Using Immunotherapy to Fight Deadly Melanoma

Immunotherapy has radically transformed outcomes for some patients with cancers deemed universally lethal just five years ago. Now these patients are living years in remission, and some ultimately may be cured. Currently, 20 percent of patients respond to immunotherapy, thanks in part to the work of UCSF physician-scientists like Adil Daud, MD, who is revolutionizing melanoma cancer treatment. 

Daud has led the development of PD1 antibodies, which have been approved for treatment of melanoma, the most dangerous – and one of the most common – forms of skin cancer. More than 76,000 Americans are diagnosed with melanoma each year, and 9,000 die. Immunotherapy is one of the newest innovations Daud and his team at UCSF employ to stop cancers that no longer respond to conventional therapy. 

“With targeted therapies, the risk is that a cancer tumor will build resistance over time, find a way around the treatment, and continue to grow,” Daud explains. “But with an immunotherapy response, a patient’s immune system will continue to fight that tumor’s resistance forever.” 

Daud believes that certain immune-system cells called T cells possess an immune “memory” with the ability to proliferate and kill any future cancer cells they detect. He and his team also think they have found some new molecules that will serve as next-generation immunotherapies for different cancers in different organs. He has led clinical trials that showed so much promise, the US Food and Drug Administration accelerated approval for their use in treating metastatic melanoma. 
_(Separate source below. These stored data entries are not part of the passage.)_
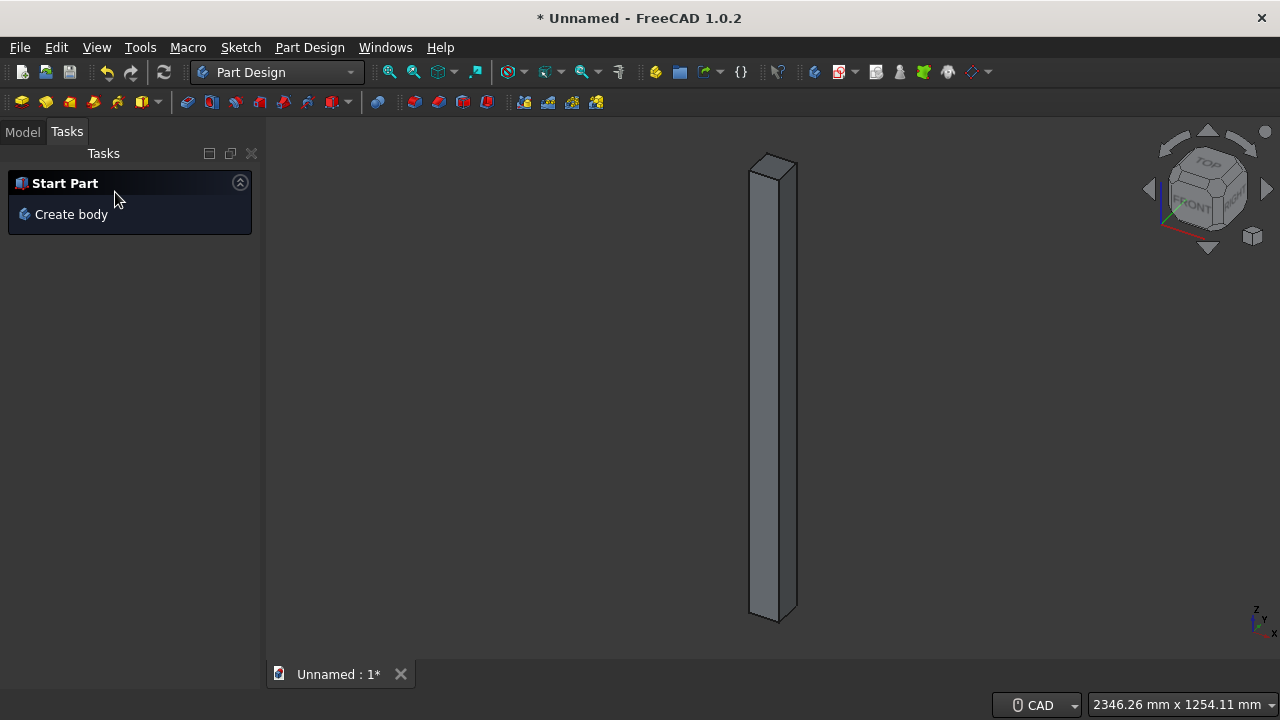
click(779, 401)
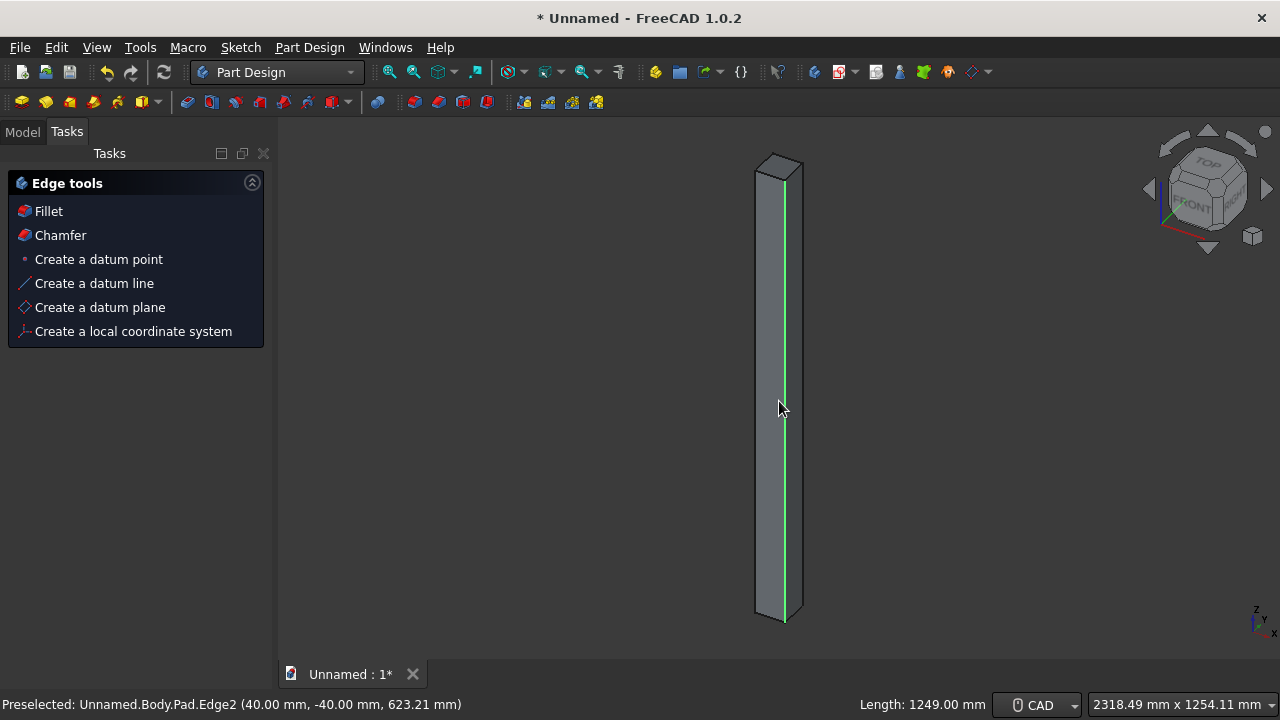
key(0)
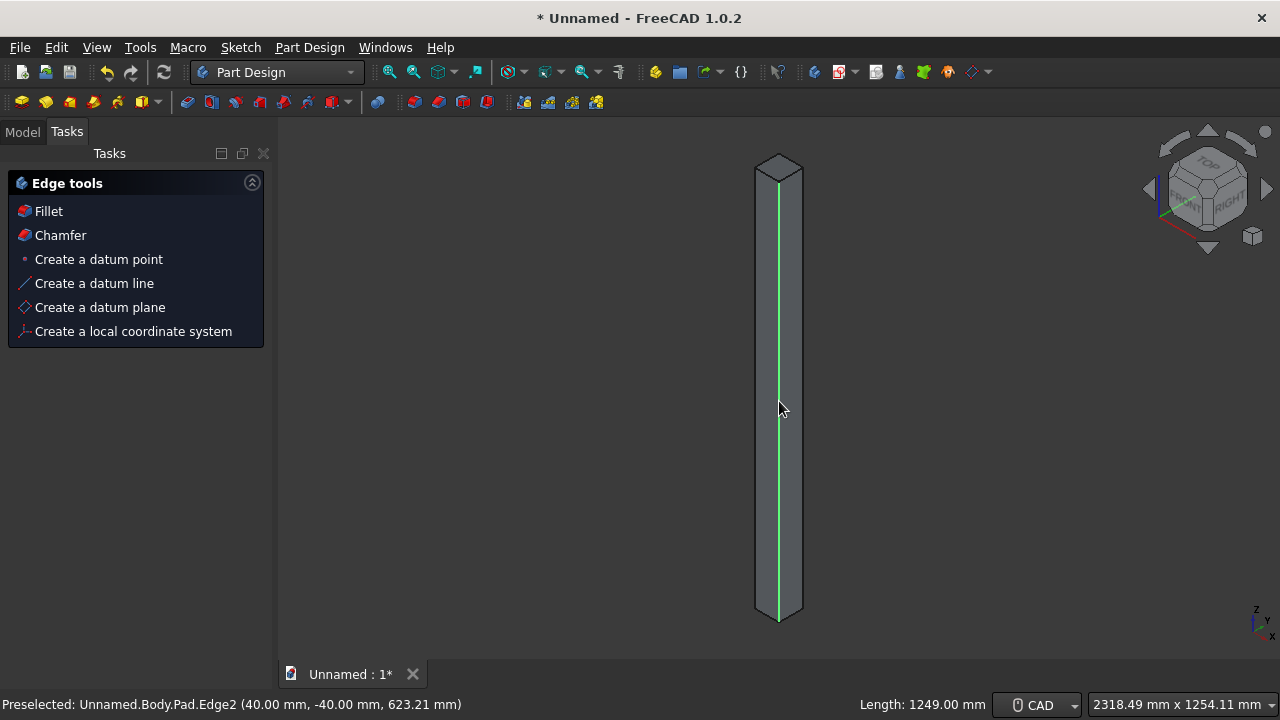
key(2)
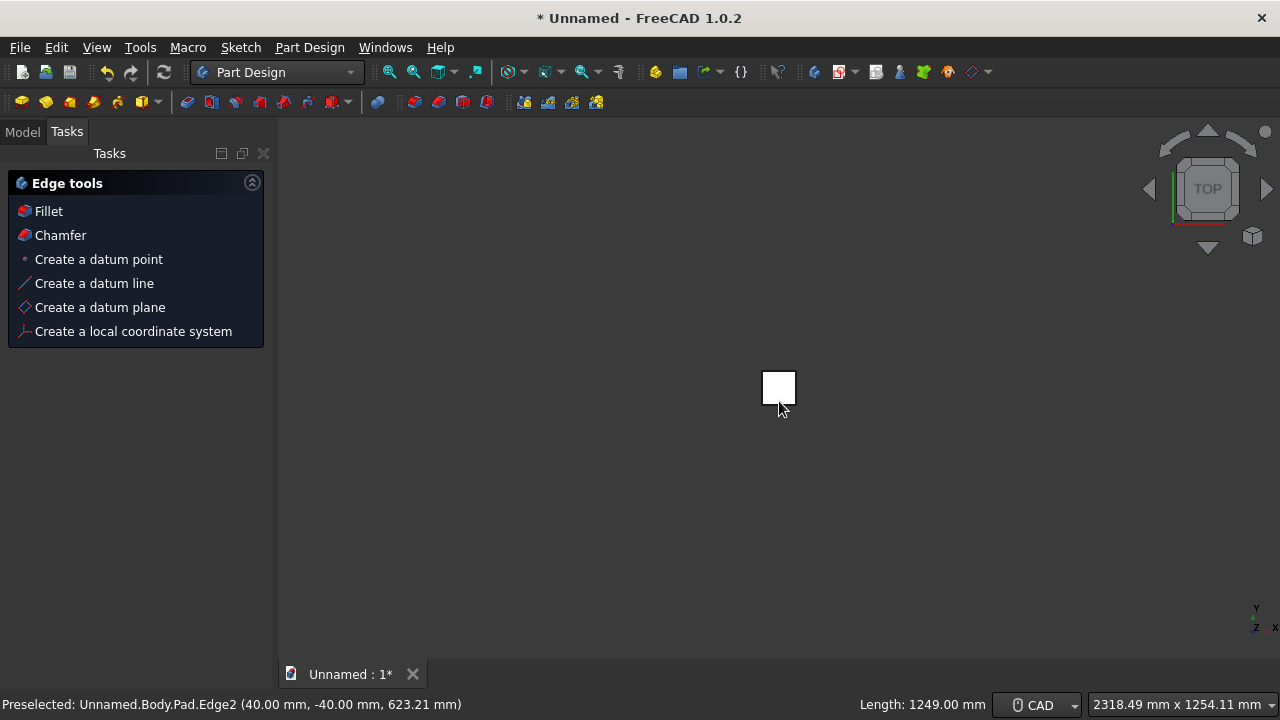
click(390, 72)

Treatment using immunotherapy can include a single drug or two in combination. Combination therapy is extremely expensive and highly toxic, but Daud and his colleagues discovered a novel biomarker that can predict who is most likely to respond well to combination immunotherapy treatments for melanoma. The goal: Protect patients whose tumors won’t respond from enduring a lot of extra risk and discomfort. 

Daud’s work revealed that patients who had lower levels of T cells within their tumors benefited most from receiving two immunotherapy drugs in tandem. He and his trailblazing team are now exploring why woman have fewer T cells – and in turn, a diminished response to single immunotherapy drugs.